| EXERCISE |
Return, word for word, the line containing "Answer yes or no. No. Is Tomato less" and every line after it through the last line of the records below.

| DATA LISTING |
====================
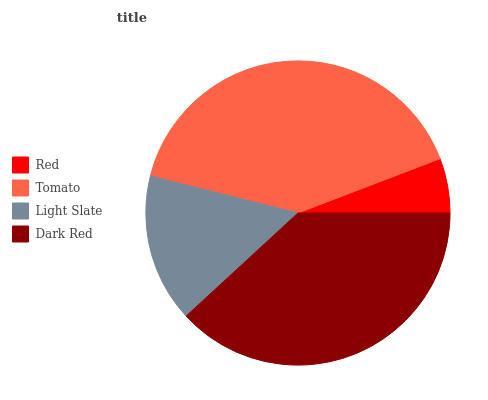Is Red the minimum?
Answer yes or no. Yes. Is Tomato the maximum?
Answer yes or no. Yes. Is Light Slate the minimum?
Answer yes or no. No. Is Light Slate the maximum?
Answer yes or no. No. Is Tomato greater than Light Slate?
Answer yes or no. Yes. Is Light Slate less than Tomato?
Answer yes or no. Yes. Is Light Slate greater than Tomato?
Answer yes or no. No. Is Tomato less than Light Slate?
Answer yes or no. No. Is Dark Red the high median?
Answer yes or no. Yes. Is Light Slate the low median?
Answer yes or no. Yes. Is Red the high median?
Answer yes or no. No. Is Dark Red the low median?
Answer yes or no. No.
====================
| EXERCISE SOLUTION |
Answer yes or no. No. Is Tomato less than Light Slate?
Answer yes or no. No. Is Dark Red the high median?
Answer yes or no. Yes. Is Light Slate the low median?
Answer yes or no. Yes. Is Red the high median?
Answer yes or no. No. Is Dark Red the low median?
Answer yes or no. No.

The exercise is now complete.